When people say “AI software”, what do they really mean? This is a critically important question to understanding the impact that AI can have on the retail industry (on any industry, really), and a significant source of the gap that exists between AI hype and reality.

While McKinsey focuses on AI types of classification, prediction, and generation, I’ve found it more useful to look at natural language processing, computer vision, and prediction. But each of these are umbrella terms for lots of what amount to “micro-capabilities”, which is an important limitation when thinking about AI. Artificial General Intelligence (AGI, but sometimes referred to as Human-Level Artificial Intelligence) is at least 20 years off, according to experts in the field, and possibly 50 years. And both ends of the estimate acknowledge that some kind of breakthrough that we have not currently achieved would have to happen before we can get there – there is no current known path to achieving AGI.

What Kind of AI Are You Talking About?

So when the retail industry talks about AI, the first question you have to ask is, “what kind of AI do you mean?”. Baidu, one of the Chinese leaders in AI capabilities, last year released over 100 use cases available through its Baidu Brain platform. When you go through the list (be prepared to spend some time with Google Translate if you don’t read Chinese), it becomes immediately clear that the use cases available are extremely “small” in their capability. For example, under the umbrella of Natural Language Processing (Baidu does not really classify its use cases, so these are my attempts at categorization): speech recognition, speech synthesis, voice wake-up, text recognition, advertising detection, business card identification, passport identification, license plate recognition, form text recognition, lexical analysis, word similarity, text correction, emotional tendency analysis, conversational emotion recognition, article classification, universal translation API, voice translation API, search analysis, and intelligent call center, among many others.

Baidu doesn’t specify a definition for each of these capabilities, so I’m going to have to make some guesses based on the names, but to me, “intelligent call center” is the most advanced of the NLP capabilities in this list. Most likely, it is a combination of multiple of the capabilities listed, like speech recognition, speech synthesis, conversational emotion recognition, and lexical analysis. And each of these are most likely to be independent capabilities that have to be combined, rather than one single engine that is capable of all of these things at once. An AI that could, through one set of algorithms, learn how to detect what a person is saying and how they’re saying it, assign a context to it, and then marshal an appropriate response, would be extremely close to an AGI, and per above, we’re a long way away from that.

More likely, an intelligent call center is a bunch of different algorithms that are assembled into a logical order. Each algorithm is creating an assessment of an input, creating an output based on what the algorithm is designed to detect or predict, and then assigning a probability or a confidence interval that it is correct.

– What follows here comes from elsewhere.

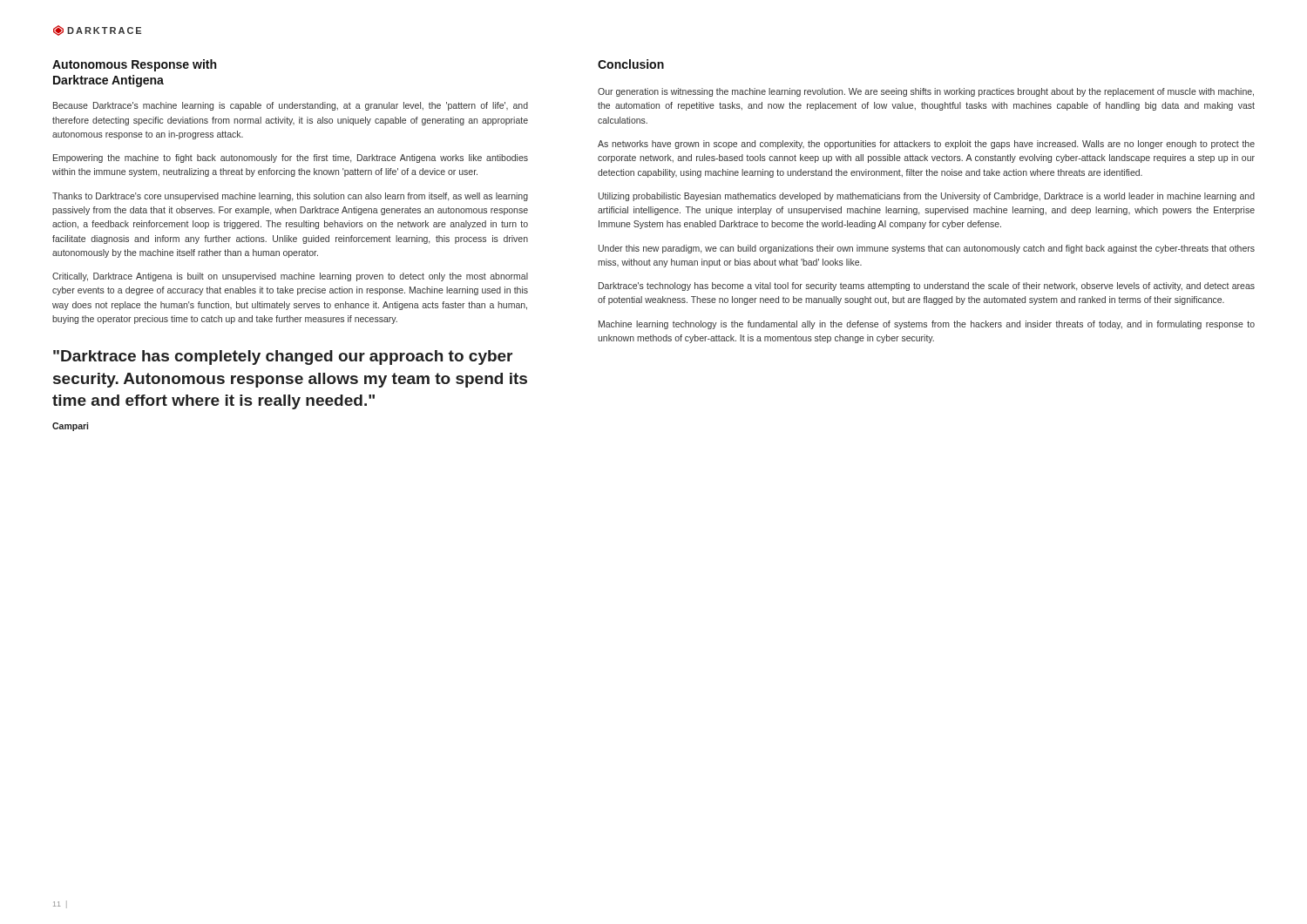Point to the block starting "As networks have grown in scope"

coord(926,158)

That probability aspect is often overlooked when discussing AI. If a conversational emotion recognition algorithm is only 50% sure that the customer talking to an automated phone tree is angry, should you act on that probability? Would you immediately route all customers to a live agent with a 50% score of possible anger? 70%? Before you can answer that question, you have to consider the consequences of both the Type I errors of incorrectly classifying an angry customer as not angry, and the Type II errors of incorrectly classifying a not-angry customer as angry. In the Type I case, you might end up losing customers with a high lifetime value because you didn’t handle them with the sensitivity that you needed, and in the Type II case, you might end up giving away concessions to customers who didn’t need them. Either way, there’s a cost.

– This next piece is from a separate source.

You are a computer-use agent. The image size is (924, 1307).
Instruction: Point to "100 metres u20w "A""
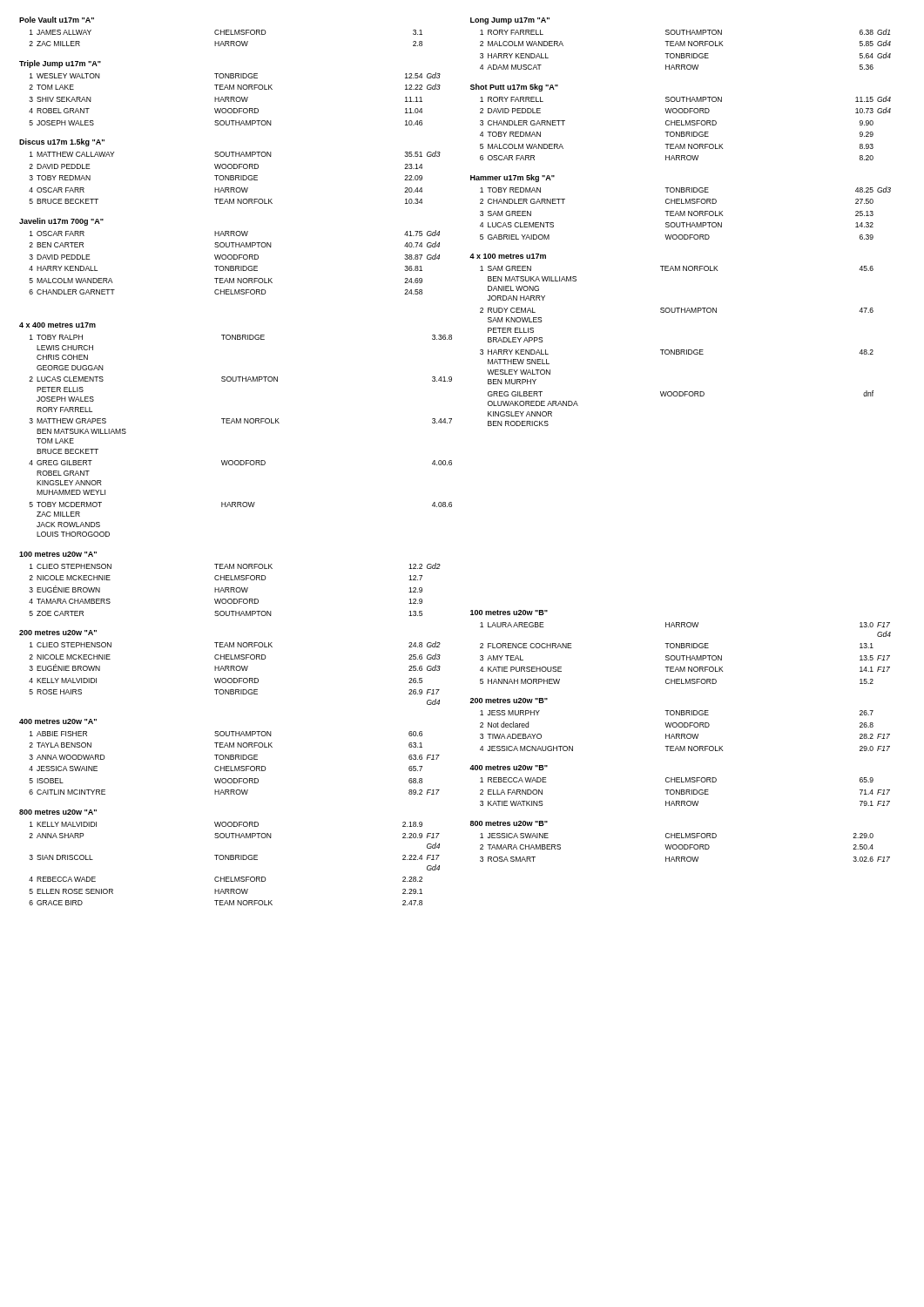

And then you have to ask yourself, how does the AI’s prediction of angry vs. not-angry compare to how well a human could predict it in the first place? Depending on your call volume, it might in the end be cheaper to have humans randomly screen phone tree interactions, rather than inserting an AI into the mix. Given the volumes and scalability you can find for AI, I honestly doubt that this would be the case, but it’s still a question worth asking.

Now add in the multiple algorithms that would be required for a truly “intelligent call center” capability. You have a speech recognition algorithm that is detecting speech and assigning a probability that the speech it heard was a specific set of words. Then there is a conversational emotion algorithm that is listening to the speech and assigning a probability of a specific emotional context to the words. Simplified, we’re focusing on angry vs. not-angry, but there could be a whole range of emotions in that mix. And then there is a lexical algorithm that makes sure (with its own probability score) that the words detected make logical/grammatical sense. And finally there is a speech synthesis algorithm that is taking the output of the lexical analysis and assigning meaning (with its own probability score) to the words that the lexical algorithm confirmed or corrected.

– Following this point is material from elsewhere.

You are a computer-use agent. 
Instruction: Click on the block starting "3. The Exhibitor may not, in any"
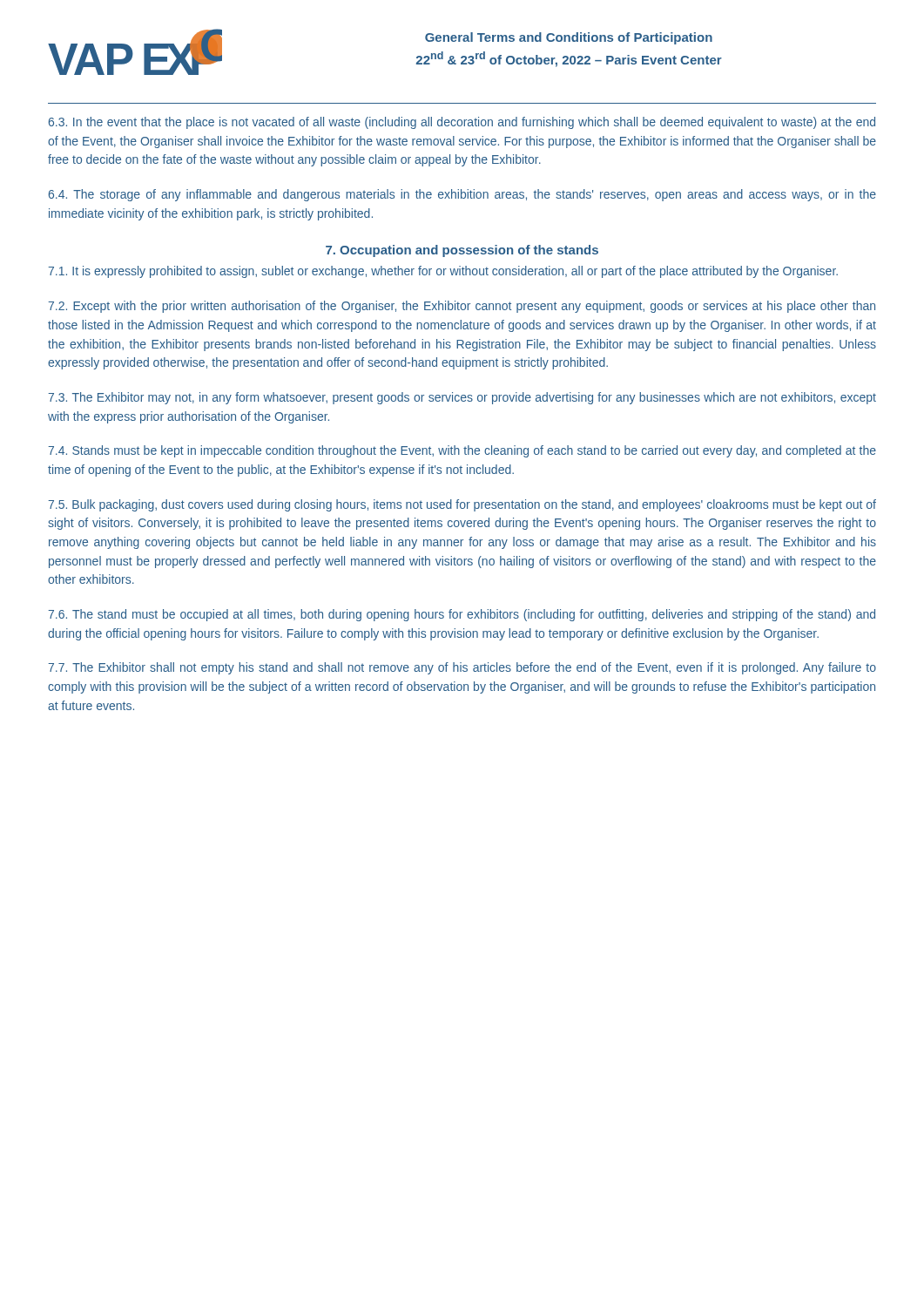point(462,407)

And, for all of this analysis to be useful, there would have to be some kind of prediction engine at the end of this that predicts what it is the customer is looking for (with a probability score that it’s a good prediction) and makes a recommendation for what kind of response would be appropriate (with its own score). The appropriate response would have to be more than just an identification of what the customer wants out of the interaction – it would have to be constrained by what the company is willing to do to appease the customer, both based on general policies and on the customer’s specific circumstances or long-term value to the company.

AI Capabilities vs. AI Applications

The call center example is an exploration of what’s really underneath the covers of an “AI application”. More often than not, there are multiple AI capabilities that are being used, each powered by a different kind of AI engine, each with its own probability score that says how confident the AI is in its output, and some kind of threshold assigned that says when an output should be passed on to be used by the next algorithm down the line, or when an input should be diverted from the process and passed on to a human for review.

There are other prediction types of AI algorithms that do not make this distinction. Some prediction AI engines don’t take explicit steps before spitting out an output. An algorithm that decides that the demand profile of Shamrock Shakes in March in Chicago looks a lot like the demand profile of Pumpkin Spice Lattes in October in Denver is, behind the scenes, defining a set of attributes for each of the products, and then deciding that those attributes are shared enough to say that the two products should be assigned the same demand curve over time. But a lot of the prediction engines out there aren’t exposing those attributes – in fact, the owners and operators of the algorithm may not themselves know or be able to articulate the commonalities that led to an algorithm saying that the two products should be assigned the same demand curve, even though they are two completely different products in two completely timeframes and seasonal contexts. The attributes assigned may be “fuzzy” and not able to be articulated in terms that a human would understand.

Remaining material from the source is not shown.